→ Activity: Show every line below where "terse" can be found.

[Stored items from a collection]
————————
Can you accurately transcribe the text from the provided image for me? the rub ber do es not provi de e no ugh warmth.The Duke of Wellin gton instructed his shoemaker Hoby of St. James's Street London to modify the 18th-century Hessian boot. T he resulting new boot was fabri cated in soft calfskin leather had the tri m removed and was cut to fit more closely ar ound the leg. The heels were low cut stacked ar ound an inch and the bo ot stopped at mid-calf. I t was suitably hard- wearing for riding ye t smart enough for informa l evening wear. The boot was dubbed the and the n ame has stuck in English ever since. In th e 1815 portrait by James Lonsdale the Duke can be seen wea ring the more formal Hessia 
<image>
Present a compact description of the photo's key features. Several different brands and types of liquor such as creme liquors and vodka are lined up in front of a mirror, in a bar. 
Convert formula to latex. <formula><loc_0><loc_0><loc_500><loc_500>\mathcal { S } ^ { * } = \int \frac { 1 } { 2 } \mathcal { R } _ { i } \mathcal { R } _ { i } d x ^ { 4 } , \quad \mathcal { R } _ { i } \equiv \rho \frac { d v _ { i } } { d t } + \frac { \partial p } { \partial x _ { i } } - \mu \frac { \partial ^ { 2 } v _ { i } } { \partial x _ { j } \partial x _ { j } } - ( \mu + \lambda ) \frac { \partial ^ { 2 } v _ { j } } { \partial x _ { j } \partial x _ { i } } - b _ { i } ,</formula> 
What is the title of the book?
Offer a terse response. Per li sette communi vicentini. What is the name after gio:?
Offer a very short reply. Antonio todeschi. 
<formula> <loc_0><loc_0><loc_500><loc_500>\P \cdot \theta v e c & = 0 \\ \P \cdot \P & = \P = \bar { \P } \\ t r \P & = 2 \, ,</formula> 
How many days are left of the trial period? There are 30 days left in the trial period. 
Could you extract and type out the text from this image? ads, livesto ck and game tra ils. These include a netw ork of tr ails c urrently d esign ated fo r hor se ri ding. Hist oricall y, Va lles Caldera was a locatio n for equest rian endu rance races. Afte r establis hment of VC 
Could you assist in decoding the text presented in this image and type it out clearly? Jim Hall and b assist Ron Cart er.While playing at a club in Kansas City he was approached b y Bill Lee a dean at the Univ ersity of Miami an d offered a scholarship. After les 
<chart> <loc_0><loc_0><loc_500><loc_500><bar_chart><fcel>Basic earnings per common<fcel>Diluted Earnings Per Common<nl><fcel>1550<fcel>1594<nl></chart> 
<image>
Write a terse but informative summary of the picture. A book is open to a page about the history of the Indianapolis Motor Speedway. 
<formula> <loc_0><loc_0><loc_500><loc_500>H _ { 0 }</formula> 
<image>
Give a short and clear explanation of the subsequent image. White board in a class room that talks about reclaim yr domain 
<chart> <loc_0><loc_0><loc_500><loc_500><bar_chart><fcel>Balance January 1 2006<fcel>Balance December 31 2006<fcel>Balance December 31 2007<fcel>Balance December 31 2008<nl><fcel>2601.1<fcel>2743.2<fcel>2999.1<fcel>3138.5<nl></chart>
————————
→ Expected output:
Offer a terse response. Per li sette communi vicentini. What is the name after gio:?
Write a terse but informative summary of the picture. A book is open to a page about the history of the Indianapolis Motor Speedway. 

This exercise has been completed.